Часть 20 из 38 В начало
Для доступа к библиотеке пройдите авторизацию
— Слышал, господин группенфюрер, — наконец ответил Миш, — к концу недели грузиться будем, дня через два, выходит.
— А о чем задумались, Миш? Что, не отпускают вашего брата домой?
— Не отпускают. Боюсь, разлучат нас, господин группенфюрер, отправят меня в лагерь для рядовых.
Баур ухмыльнулся. Он совсем не доверял Мишу, все говорило в пользу его измены: и удивительная осведомленность, и свобода перемещения, и отъевшаяся, холеная рожа. Но Миш ему был нужен, без посторонней помощи Бауру пока было трудно. Понимал он и то, что офицеры НКВД тоже нуждались в Мише, надеясь выпытать у Баура какие-то фантастические проекты спасения фюрера, планы его тайной доставки в недоступные районы мира, выявить тайные связи высшего руководства СС в деле некой новой международной авантюры. «Ну что же, — думал Баур, — пусть выявляют, главное, чтобы Миша оставили, а там как бог на душу положит». Баур оказался прав, Миш был нужен всем.
Ближе к вечеру в палату нагрянул майор НКВД Тюшкин, как всегда излучавший спокойствие и профессионально поставленную доброжелательность.
— Ну, генерал, ничего нового не вспомнили? Нет? А жаль. Вот ведь какое дело, генерал, думается, три месяца вы следствие за нос водили, скрывали истинное течение событий и существенные обстоятельства, влиявшие на бегство Гитлера из Берлина.
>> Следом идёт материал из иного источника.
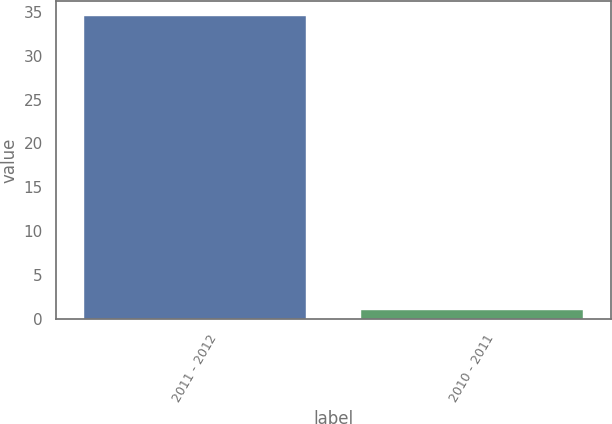Convert chart. <chart><loc_0><loc_0><loc_500><loc_500><bar_chart><fcel>2011 - 2012<fcel>2010 - 2011<nl><fcel>34.5<fcel>1.1<nl></chart> 
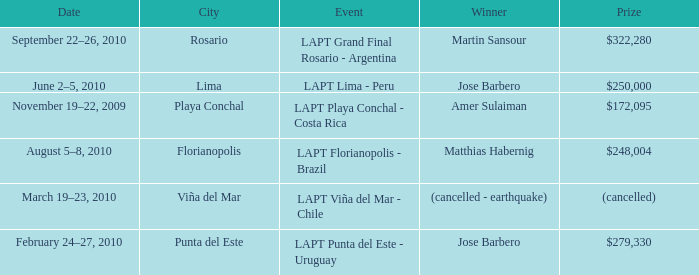What event has a $248,004 prize? LAPT Florianopolis - Brazil.

Вот, полюбуйтесь.
Майор протянул Бауру тот самый номер газеты «Правда» от 10 июня с отчетом о пресс-конференции маршала Жукова и заместителя наркома иностранных дел СССР Вышинского, где Жуков, отвечая на вопрос американского журналиста, заявил о возможности бегства Гитлера в самый последний момент из Берлина. Вместе с газетой майор передал Бауру перевод на немецкий язык. Баур прочитал уже знакомый текст и вернул его майору со словами:
— Я знаком с текстом, мне ваши коллеги еще в июле эту газету показывали. Ничего не могу добавить, кроме ранее мною уже сказанного, господин майор. Весьма сожалею. Кто-то сознательно вводит в заблуждение спецслужбы и руководство СССР. Зачем, не знаю. Но поверьте, Гитлер мертв.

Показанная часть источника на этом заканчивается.